- Born: 23 July 1957 (age 68) Sicily, Italy
- Occupations: Electrical apprentice; Ice cream van operator;
- Conviction: Murder
- Criminal penalty: 22 years' imprisonment, 18 years' non-parole period

= Francesco Mangione =

Australian murderer

Francesco Mangione is an Italian-born Australian, convicted of the 2002 murder of his 26-year-old cousin, Denis Giunta, in his Williamstown home.

==Early life==
Mangione, of Moonee Ponds, Victoria was born 23 July 1957 in Sicily. In 1969 he came to Australia. Apprenticed to the former State Electricity Commission of Victoria, he was in 1978 named by the Industrial Training Commission of Victoria as the outstanding radio tradesman apprentice of that year. He departed the SECV in 1989 and began operating an ice cream van. In 1992 Mangione was arrested and detained, but he was later released due to there being no evidence to support charges over a missing six-year-old girl found in his ice cream van. In 1993 an incident occurred between his family and that of Giunta, also an ice cream van operator, escalating a turf war which included a violent fight between Mangione and Giunta.

==Criminal history==
On 5 February 2002 Giunta returned home from work. After showering he stepped naked into the bedroom where his wife lay sleeping and Mangione lay in wait. Mangione then attacked Giunta slashing, stabbing, and hacking at him with a homemade sword. Giunta's wife, Laura, awakened by her husband's screams, escaped via the bedroom's balcony leading to the outside garage roof where she leaped to the ground, breaking her leg, requiring further hospitalization for 21 days and in need of a wheelchair and crutches upon her release. Giunta died at the scene from massive injuries.
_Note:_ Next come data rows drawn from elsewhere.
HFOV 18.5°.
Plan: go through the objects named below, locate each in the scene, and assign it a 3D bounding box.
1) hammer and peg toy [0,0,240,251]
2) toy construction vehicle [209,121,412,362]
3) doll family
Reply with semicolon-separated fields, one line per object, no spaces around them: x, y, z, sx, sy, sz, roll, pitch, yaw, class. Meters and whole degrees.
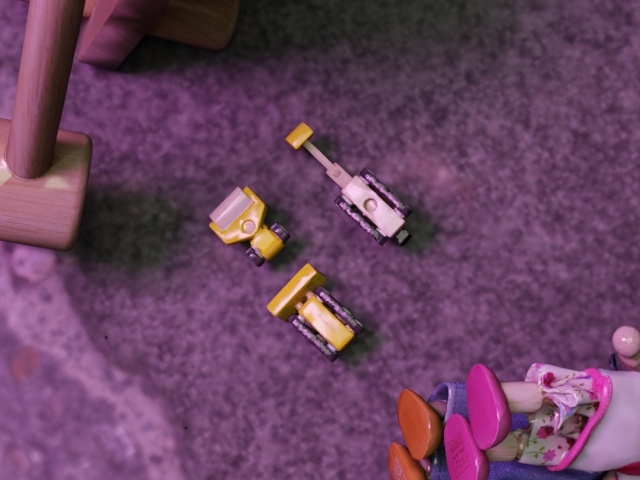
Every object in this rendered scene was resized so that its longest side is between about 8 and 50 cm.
-0.067;-0.177;0.916;0.127;0.266;0.361;13;76;-14;hammer and peg toy
0.000;0.000;0.992;0.098;0.035;0.086;42;93;13;toy construction vehicle
0.104;0.111;0.885;0.163;0.263;0.118;2;42;-22;doll family

Mangione fled the scene dropping the weapon as he did. His DNA was later found on the handle of the sword and tools were found in his home which were forensically linked to the making of the weapon.

===Trial===
The trial lasted for ten days. On 13 February 2004 Mangione was found guilty by a jury. He was sentenced by Judge David Harper to 22 years imprisonment, with a non-parole period of 18 years. On 21 February 2006 the Supreme Court of Victoria Court of Appeal dismissed Mangione's appeal against the severity of his sentence. Mangione continues to maintain his innocence. In 2010 it was reported that Mangione was imprisoned in Barwon Prison.